Stored records:
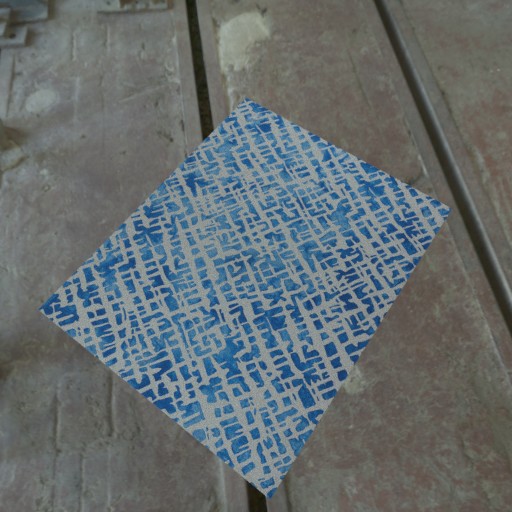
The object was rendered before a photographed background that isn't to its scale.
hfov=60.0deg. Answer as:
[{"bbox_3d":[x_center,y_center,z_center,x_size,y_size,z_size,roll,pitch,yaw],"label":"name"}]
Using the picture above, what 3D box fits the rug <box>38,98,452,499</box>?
[{"bbox_3d":[0.000,0.000,4.003,2.435,0.007,3.007,33,69,15],"label":"rug"}]
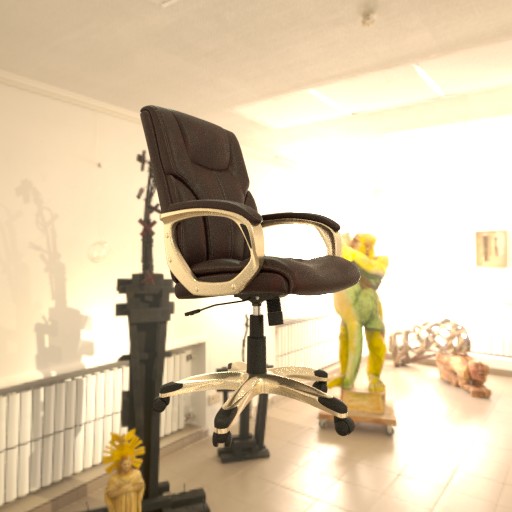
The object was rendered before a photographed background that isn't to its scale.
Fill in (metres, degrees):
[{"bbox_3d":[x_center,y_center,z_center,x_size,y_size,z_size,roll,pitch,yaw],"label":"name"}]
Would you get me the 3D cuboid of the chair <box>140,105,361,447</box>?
[{"bbox_3d":[0.000,0.000,1.581,0.739,1.107,0.662,0,1,36],"label":"chair"}]
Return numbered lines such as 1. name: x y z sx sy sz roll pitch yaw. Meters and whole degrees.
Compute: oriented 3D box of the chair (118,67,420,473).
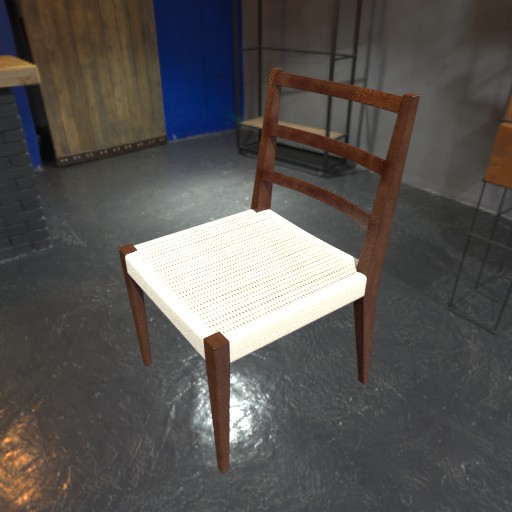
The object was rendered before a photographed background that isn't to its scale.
1. chair: 0.000 0.000 1.144 0.551 0.813 0.480 -21 37 -30
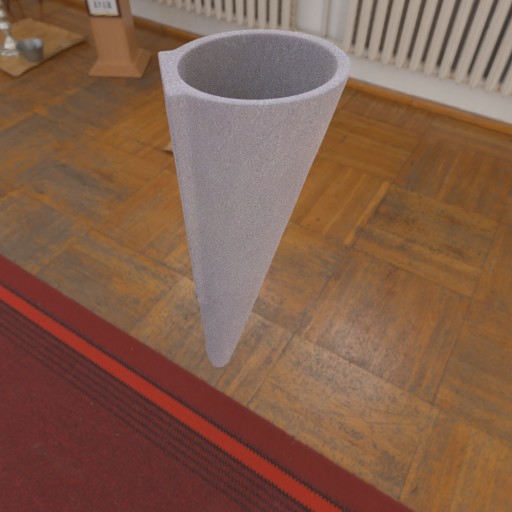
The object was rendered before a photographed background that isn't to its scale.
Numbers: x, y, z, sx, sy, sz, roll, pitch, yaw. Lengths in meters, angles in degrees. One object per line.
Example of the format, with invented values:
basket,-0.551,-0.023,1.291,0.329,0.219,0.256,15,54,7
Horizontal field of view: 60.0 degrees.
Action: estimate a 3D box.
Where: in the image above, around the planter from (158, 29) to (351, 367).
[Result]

▸ **What is expected**
Go from the first line of the data above to the line containing "Return numbered lines" and retype exactly those lines, both included, but none of the pictures.

▸ **The answer**
The object was rendered before a photographed background that isn't to its scale.
hfov=60.0deg. Answer as:
[{"bbox_3d":[x_center,y_center,z_center,x_size,y_size,z_size,roll,pitch,yaw],"label":"name"}]
Using the picture above, what 3D box fits the rug <box>38,98,452,499</box>?
[{"bbox_3d":[0.000,0.000,4.003,2.435,0.007,3.007,33,69,15],"label":"rug"}]
The object was rendered before a photographed background that isn't to its scale.
Fill in (metres, degrees):
[{"bbox_3d":[x_center,y_center,z_center,x_size,y_size,z_size,roll,pitch,yaw],"label":"name"}]
Would you get me the 3D cuboid of the chair <box>140,105,361,447</box>?
[{"bbox_3d":[0.000,0.000,1.581,0.739,1.107,0.662,0,1,36],"label":"chair"}]
Return numbered lines such as 1. name: x y z sx sy sz roll pitch yaw. Meters and whole degrees.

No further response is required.